Last, but not least, being curious about and respectful of nature, land and ocean ecosystems and reconnecting to nature in multiple ways needs to be part and parcel of a future-oriented approach to accompanying young people on the journey into their adult lives.
Rebuilding relationships with nature that produces the objects that surround our daily lives may also help to stem the waste and encourage longer-lived use of construction, furniture, dress and reduce food wastage.
The workshop intends to cast light on at least some major aspects of education for sustainable futures bringing together academic research, practitioners interspersed with perspectives from traditional culture in the form of a video-interview with a leader of the Senegalese women in artisanal fisheries, Awa Seye.
Workshop participation, including the video-projection during lunch break, is open, but registration at Esta dirección de correo electrónico está siendo protegida contra los robots de spam. Necesita tener JavaScript habilitado para poder verlo. encouraged. Awa Seye will be present for an exchange of experience.
The workshop will be convened in English and French without simultaneous interpretation, however, consecutive translation can be provided if required. Panelists and participants are free to use either language to express themselves.
Click here to see the programme.
Highlights from the workshop - the opening
by Prof. Stella Williams
Cornelia E Nauen, President of Mundus maris, welcomed the participants and opened the workshop in the pleasant premises of the Institute of Sociology at the ULB. Setting the scene for the discussion, she recalled that Mundus maris at its core was mobilising the sciences and arts in a creative tension to enable a better appreciation of the world around us. Science tells us a lot about how far humanity has overshot the budget of what nature can produce and regenerate in a year. Last year, ecological overshoot day was 22 August.
That means the resources we consumed during the remainder of 2012 were borrowed from 2013. The land and the sea which enable our civilisation to exist are overexploited in many parts of the globe with production and consumption patterns unsustainable.
As Charles Hopkins, UNESCO Chair for “Reorienting Teacher Education to Address Sustainability”, York University, Toronto, Canada, had noted in an earlier workshop at the EADI Conference in 2011, that education concepts in many industrialised countries were not leading us into the transition towards living in peace with one another and our planet. The overconsumption in these countries gave many children and youth a distorted picture. Education in so-called developing countries, which were more economical in their use of resources but had other shortcomings, could provide valuable learning ground while at the same time benefiting from more exchange with school systems elsewhere.
In an interdependent world heading towards an unpredictable climate regime of well above 2 oC new thinking and new approaches to eduation were required to cope with the unknown ahead. How to help prepare the next generations to accommodate an additional 2 billion of humans on the planet, while providing suitable living conditions for all, humans and other organisms?

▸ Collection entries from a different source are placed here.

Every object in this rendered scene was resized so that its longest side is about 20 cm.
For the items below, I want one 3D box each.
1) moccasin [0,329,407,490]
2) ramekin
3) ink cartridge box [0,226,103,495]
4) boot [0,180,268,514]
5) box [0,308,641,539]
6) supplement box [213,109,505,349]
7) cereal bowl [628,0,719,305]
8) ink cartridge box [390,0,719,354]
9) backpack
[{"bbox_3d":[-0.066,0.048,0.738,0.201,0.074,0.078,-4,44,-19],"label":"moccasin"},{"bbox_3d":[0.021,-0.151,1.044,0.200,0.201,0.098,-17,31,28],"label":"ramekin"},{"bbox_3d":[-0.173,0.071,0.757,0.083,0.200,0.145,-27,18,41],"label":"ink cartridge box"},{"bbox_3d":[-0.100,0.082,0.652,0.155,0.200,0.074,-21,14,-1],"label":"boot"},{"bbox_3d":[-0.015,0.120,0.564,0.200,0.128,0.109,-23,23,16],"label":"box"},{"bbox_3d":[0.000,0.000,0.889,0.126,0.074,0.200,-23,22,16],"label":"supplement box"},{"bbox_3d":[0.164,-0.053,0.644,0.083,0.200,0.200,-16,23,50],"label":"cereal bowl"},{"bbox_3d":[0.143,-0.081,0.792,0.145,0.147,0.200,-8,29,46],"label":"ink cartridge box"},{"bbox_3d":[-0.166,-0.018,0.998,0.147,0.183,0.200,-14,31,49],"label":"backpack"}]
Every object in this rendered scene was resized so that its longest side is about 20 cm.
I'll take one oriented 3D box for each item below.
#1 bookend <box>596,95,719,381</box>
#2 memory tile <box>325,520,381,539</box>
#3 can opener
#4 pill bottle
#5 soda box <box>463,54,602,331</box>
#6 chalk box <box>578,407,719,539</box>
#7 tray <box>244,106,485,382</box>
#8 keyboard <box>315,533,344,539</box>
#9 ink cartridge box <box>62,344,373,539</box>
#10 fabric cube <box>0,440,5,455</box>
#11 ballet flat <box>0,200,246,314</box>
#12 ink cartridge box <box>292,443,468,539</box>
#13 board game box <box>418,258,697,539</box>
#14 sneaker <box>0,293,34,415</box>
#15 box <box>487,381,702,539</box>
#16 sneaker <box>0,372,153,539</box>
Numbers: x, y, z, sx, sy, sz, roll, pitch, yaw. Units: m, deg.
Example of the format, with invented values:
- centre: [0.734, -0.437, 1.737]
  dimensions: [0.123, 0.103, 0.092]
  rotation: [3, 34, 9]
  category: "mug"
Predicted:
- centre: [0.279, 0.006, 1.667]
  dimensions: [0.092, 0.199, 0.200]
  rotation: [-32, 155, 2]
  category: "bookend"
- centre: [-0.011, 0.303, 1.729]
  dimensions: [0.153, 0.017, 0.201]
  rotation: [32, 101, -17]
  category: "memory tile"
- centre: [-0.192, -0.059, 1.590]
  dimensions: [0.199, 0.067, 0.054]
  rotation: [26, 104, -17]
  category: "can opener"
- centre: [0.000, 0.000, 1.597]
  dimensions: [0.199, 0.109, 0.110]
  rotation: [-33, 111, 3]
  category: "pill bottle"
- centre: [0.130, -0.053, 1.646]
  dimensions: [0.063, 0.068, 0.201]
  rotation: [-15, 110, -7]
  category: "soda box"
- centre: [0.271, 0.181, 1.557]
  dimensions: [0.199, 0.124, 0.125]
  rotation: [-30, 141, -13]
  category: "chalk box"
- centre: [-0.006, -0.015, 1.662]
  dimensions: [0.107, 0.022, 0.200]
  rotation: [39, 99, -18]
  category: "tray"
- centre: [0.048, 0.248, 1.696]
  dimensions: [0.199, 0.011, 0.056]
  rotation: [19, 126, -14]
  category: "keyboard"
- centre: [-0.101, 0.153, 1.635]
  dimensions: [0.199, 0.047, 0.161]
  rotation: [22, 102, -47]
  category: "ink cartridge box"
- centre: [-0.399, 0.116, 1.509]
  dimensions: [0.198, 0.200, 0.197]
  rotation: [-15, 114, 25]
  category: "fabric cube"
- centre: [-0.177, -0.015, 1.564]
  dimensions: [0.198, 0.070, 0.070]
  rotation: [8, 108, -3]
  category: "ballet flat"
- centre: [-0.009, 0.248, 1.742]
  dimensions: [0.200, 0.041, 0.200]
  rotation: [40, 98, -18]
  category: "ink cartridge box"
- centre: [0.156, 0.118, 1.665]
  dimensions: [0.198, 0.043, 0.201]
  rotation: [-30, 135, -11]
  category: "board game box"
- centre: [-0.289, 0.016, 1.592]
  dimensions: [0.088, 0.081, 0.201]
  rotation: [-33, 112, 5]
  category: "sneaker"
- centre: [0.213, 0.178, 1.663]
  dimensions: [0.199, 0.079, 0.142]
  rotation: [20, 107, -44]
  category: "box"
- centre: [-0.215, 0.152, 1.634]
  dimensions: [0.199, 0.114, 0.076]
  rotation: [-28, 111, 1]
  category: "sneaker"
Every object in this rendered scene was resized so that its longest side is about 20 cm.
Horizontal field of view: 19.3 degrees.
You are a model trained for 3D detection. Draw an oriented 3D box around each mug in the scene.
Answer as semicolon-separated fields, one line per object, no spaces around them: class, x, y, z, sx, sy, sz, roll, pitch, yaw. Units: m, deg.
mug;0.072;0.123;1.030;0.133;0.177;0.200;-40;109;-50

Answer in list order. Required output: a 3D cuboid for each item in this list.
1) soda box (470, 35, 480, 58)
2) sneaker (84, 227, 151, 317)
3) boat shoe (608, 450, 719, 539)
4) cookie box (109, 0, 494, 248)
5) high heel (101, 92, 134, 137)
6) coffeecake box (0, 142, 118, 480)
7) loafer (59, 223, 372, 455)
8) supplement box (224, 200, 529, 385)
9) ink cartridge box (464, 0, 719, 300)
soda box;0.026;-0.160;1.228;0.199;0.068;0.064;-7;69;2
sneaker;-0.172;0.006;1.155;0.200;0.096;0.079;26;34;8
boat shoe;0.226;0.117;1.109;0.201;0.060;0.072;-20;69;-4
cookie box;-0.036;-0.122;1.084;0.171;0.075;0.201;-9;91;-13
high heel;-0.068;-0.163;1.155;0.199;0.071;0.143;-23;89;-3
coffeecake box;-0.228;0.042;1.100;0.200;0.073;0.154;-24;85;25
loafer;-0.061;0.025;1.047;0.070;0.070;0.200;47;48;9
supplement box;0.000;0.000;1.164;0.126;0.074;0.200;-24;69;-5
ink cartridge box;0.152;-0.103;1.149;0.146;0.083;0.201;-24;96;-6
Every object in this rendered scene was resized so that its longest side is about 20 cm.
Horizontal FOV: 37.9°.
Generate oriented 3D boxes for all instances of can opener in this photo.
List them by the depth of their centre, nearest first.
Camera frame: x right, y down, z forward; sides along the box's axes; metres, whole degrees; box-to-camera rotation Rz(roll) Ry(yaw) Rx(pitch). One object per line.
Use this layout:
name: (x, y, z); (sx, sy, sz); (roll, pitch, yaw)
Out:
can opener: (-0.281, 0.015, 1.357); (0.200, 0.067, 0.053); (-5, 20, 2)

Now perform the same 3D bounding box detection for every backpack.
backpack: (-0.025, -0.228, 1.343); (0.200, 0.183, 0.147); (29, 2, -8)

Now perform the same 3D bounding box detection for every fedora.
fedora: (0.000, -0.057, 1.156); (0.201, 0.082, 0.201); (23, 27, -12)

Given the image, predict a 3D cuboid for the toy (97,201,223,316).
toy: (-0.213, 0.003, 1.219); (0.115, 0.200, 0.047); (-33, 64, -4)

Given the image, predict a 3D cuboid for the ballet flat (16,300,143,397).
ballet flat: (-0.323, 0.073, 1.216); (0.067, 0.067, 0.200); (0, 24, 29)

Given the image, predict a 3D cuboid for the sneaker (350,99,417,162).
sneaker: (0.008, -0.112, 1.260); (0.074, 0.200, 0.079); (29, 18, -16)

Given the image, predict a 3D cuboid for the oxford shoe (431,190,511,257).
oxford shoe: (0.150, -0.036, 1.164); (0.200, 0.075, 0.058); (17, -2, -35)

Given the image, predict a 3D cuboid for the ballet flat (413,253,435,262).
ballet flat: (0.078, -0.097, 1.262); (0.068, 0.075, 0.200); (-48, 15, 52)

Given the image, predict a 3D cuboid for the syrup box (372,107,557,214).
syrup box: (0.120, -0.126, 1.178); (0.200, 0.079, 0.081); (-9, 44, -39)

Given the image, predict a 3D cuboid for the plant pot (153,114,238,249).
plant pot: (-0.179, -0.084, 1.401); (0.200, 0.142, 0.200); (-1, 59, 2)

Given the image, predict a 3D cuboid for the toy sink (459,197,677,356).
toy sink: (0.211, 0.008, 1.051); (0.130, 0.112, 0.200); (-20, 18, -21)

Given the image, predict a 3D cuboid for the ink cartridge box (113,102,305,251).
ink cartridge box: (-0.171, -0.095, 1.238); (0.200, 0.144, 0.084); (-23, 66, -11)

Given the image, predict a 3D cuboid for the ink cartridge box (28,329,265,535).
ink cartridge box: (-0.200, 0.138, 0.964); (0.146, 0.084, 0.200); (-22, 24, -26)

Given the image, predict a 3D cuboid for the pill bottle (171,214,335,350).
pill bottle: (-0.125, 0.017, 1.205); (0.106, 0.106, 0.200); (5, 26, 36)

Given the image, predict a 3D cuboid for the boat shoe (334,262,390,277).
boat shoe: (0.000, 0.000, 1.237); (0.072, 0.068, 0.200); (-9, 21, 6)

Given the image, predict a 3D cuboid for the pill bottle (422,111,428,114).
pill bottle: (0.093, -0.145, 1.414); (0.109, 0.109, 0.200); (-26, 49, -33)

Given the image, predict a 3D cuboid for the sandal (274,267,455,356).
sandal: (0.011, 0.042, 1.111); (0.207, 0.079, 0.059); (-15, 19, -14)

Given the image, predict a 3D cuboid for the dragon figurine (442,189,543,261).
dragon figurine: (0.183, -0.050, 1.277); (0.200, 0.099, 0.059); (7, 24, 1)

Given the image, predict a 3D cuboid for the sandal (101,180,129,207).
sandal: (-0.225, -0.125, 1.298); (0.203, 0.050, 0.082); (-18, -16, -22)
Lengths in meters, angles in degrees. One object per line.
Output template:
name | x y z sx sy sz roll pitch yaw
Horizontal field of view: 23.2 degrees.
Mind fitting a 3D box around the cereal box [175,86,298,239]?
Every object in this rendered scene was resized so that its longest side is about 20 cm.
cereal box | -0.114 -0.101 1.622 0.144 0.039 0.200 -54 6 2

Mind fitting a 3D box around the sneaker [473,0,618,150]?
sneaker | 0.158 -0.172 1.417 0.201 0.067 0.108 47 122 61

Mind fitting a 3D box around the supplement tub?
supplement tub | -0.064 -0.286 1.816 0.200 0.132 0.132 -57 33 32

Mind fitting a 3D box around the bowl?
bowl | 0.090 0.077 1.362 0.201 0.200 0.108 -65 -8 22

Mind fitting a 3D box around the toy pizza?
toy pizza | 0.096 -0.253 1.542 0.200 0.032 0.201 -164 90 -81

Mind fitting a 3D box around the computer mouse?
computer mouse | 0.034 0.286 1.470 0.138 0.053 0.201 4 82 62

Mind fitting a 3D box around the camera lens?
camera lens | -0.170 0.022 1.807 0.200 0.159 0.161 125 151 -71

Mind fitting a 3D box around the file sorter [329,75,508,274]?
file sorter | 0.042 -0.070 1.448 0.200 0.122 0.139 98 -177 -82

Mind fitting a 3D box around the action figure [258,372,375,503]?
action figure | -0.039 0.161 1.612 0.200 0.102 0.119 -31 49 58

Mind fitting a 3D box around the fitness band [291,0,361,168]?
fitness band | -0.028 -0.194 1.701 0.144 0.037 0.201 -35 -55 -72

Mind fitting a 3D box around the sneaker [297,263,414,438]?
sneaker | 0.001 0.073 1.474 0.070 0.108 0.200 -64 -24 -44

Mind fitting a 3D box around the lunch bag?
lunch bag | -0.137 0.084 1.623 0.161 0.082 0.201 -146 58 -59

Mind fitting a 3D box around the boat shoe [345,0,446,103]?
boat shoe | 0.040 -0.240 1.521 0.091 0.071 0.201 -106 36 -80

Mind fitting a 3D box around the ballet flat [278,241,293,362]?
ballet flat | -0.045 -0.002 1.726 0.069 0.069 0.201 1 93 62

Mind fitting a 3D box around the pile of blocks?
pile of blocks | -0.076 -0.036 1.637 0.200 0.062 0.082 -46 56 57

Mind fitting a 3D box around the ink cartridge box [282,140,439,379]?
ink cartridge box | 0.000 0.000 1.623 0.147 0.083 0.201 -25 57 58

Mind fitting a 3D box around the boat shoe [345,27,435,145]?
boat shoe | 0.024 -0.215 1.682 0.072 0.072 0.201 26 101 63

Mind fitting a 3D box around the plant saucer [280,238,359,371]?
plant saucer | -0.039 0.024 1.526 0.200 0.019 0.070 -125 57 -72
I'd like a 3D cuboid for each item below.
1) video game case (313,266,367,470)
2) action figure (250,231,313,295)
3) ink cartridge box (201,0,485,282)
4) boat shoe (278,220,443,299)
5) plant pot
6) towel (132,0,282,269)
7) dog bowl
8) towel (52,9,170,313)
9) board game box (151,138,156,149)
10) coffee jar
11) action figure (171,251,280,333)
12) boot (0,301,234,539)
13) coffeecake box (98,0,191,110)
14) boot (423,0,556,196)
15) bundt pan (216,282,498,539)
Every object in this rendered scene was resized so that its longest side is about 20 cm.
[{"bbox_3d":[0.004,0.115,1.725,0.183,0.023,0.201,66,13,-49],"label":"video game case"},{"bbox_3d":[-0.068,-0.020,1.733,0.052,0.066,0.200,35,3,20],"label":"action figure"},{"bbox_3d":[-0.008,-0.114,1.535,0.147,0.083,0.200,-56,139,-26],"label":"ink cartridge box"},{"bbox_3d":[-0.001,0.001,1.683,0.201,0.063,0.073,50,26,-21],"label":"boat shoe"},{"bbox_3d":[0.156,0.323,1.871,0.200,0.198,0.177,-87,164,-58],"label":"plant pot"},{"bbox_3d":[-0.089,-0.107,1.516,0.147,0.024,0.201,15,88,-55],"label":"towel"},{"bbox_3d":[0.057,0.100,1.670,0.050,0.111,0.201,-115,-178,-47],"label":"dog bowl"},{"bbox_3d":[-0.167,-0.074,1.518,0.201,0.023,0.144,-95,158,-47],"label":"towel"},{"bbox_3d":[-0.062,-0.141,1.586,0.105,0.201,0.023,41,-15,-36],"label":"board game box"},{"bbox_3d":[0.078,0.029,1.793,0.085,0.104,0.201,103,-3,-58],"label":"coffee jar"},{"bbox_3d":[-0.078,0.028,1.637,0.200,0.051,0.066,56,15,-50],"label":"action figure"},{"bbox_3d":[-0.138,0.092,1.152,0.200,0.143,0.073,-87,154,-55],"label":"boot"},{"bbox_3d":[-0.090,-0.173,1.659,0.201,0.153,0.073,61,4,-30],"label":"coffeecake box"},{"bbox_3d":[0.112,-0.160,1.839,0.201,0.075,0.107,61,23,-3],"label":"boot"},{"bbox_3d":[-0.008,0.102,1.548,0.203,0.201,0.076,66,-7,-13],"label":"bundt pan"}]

How to manage the restoration of degraded land and marine ecosystems to do that? How to do that by reducing energy consumption by 80% so that the climate system would not go entirely out of kilter? How to develop the technical knowledge and the all-important social skills required to achieve these major societal changes in a non-violent manner? The present workshop was intended to create a conversation space for people approaching the issues from very different angles as a contribution to this huge challenge. From the perspective of Mundus maris, it was expected to come out with robust orientations as to where efforts on eduation for sustainability would be most effectively focused so has to support change in that direction.
Paul Jacobs of SEDIF, organiser of Campus Plein Sud at the ULB, walked the participants through a review of concepts on development that had guided research and activism
since the late 1950s. With decolonisation came the notion of development, but based on industrial production and other imported models, which quickly turned out to be inadequate, if not deleterious to the former colonies.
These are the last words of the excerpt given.